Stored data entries
*** Block opens ***

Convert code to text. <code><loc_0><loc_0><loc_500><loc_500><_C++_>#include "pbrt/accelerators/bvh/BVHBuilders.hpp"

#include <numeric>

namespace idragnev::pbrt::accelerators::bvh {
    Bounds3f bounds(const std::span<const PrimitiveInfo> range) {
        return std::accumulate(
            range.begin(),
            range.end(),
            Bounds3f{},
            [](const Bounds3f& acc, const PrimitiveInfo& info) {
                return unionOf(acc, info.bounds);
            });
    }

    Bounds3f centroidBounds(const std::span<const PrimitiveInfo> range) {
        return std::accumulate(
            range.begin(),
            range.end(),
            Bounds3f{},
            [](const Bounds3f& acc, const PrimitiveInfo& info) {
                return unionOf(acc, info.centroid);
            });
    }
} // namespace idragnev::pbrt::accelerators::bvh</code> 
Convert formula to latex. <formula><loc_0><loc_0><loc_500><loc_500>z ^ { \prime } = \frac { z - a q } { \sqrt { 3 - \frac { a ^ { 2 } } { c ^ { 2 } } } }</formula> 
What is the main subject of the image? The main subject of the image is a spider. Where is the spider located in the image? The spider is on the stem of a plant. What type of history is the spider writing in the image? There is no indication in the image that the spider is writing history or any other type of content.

*** Block closes ***

**Assigned task**. Your answer must be the count of lines in the data that contain "pbrt", with no added words.

**Exercise response**. 3